Drosophila Cip4 and WASp define a branch of the Cdc42-Par6-aPKC pathway regulating E-cadherin endocytosis.

作者信息

Leibfried Andrea, Fricke Robert, Morgan Matthew J, Bogdan Sven, Bellaiche Yohanns

机构信息

Institut CURIE, Centre National de la Recherche, UMR 144, Equipe Polarité Cellulaire chez la Drosophile, 26 rue d'Ulm, 75248 Paris cedex 05, France.

出版信息

Curr Biol. 2008 Nov 11;18(21):1639-48. doi: 10.1016/j.cub.2008.09.063. Epub 2008 Oct 30.

DOI:10.1016/j.cub.2008.09.063
PMID:18976911
Abstract

BACKGROUND

Integral to the function and morphology of the epithelium is the lattice of cell-cell junctions known as adherens junctions (AJs). AJ stability and plasticity relies on E-Cadherin exocytosis and endocytosis. A mechanism regulating E-Cadherin (E-Cad) exocytosis to the AJs has implicated proteins of the exocyst complex, but mechanisms regulating E-Cad endocytosis from the AJs remain less well understood.

RESULTS

Here we show that Cdc42, Par6, or aPKC loss of function is accompanied by the accumulation of apical E-Cad intracellular punctate structures and the disruption of AJs in Drosophila epithelial cells.
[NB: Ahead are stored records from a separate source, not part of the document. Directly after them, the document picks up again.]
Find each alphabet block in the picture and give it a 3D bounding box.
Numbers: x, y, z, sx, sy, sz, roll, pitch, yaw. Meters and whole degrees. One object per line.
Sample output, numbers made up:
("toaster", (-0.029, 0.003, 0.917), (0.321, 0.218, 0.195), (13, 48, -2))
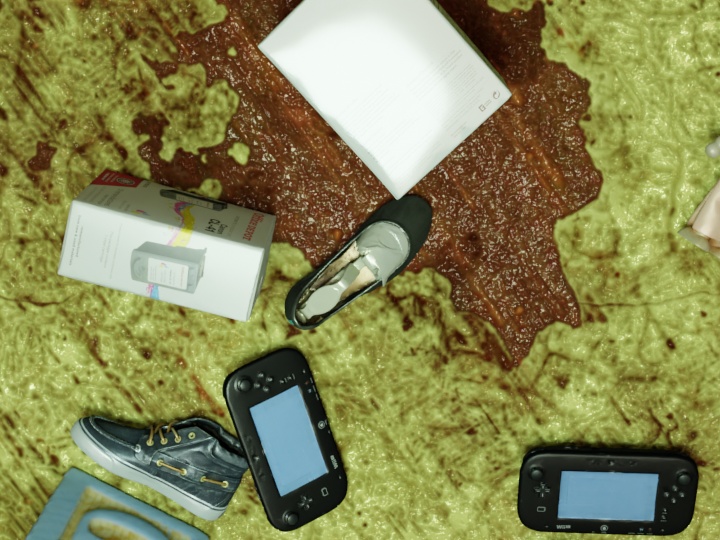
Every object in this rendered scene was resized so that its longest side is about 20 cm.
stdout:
("alphabet block", (-0.303, 0.379, 1.366), (0.194, 0.197, 0.201), (28, 104, -4))

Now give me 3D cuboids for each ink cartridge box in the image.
("ink cartridge box", (-0.196, -0.028, 1.277), (0.198, 0.148, 0.086), (13, 107, -3))

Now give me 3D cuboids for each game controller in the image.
("game controller", (0.277, 0.249, 1.380), (0.198, 0.042, 0.105), (2, 105, 2))
("game controller", (-0.083, 0.189, 1.374), (0.104, 0.042, 0.202), (-22, 105, -14))

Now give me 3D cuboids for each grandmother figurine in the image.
("grandmother figurine", (0.409, -0.111, 1.281), (0.121, 0.061, 0.201), (23, 103, -32))

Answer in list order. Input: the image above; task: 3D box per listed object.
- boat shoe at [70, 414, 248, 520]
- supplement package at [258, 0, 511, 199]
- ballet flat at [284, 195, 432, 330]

These punctate structures derive from large and malformed endocytic vesicles that emanate from the AJs; a phenotype that is also observed upon blocking vesicle scission in dynamin mutant cells. We demonstrate that the Drosophila Cdc42-interacting protein 4 (Cip4) is a Cdc42 effector that interacts with Dynamin and the Arp2/3 activator WASp in Drosophila. Accordingly, Cip4, WASp, or Arp2/3 loss of function also results in defective E-Cadherin endocytosis.

CONCLUSION

Altogether our results show that Cdc42 functions with Par6 and aPKC to regulate E-Cad endocytosis and define Cip4 and WASp as regulators of the early E-Cad endocytic events in epithelial tissue.

摘要

背景

上皮细胞功能和形态的一个重要组成部分是称为黏附连接(AJs)的细胞间连接网络。AJ的稳定性和可塑性依赖于E-钙黏蛋白的胞吐作用和内吞作用。一种调节E-钙黏蛋白(E-Cad)向AJ胞吐的机制涉及外泌体复合物的蛋白质,但调节E-Cad从AJ内吞的机制仍不太清楚。

结果

我们发现,在果蝇上皮细胞中,Cdc42、Par6或非典型蛋白激酶C(aPKC)功能缺失伴随着顶端E-Cad细胞内点状结构的积累和AJ的破坏。这些点状结构源自从AJ发出的大的、畸形的内吞小泡;在发动蛋白突变细胞中阻断小泡切割时也观察到这种表型。我们证明,果蝇Cdc42相互作用蛋白4(Cip4)是一种Cdc42效应蛋白,在果蝇中与发动蛋白和Arp2/Arp3激活剂WASp相互作用。因此,Cip4、WASp或Arp2/Arp3功能缺失也会导致E-钙黏蛋白内吞缺陷。

结论

我们的结果共同表明,Cdc42与Par6和aPKC共同作用来调节E-Cad内吞,并将Cip4和WASp定义为上皮组织中早期E-Cad内吞事件的调节因子。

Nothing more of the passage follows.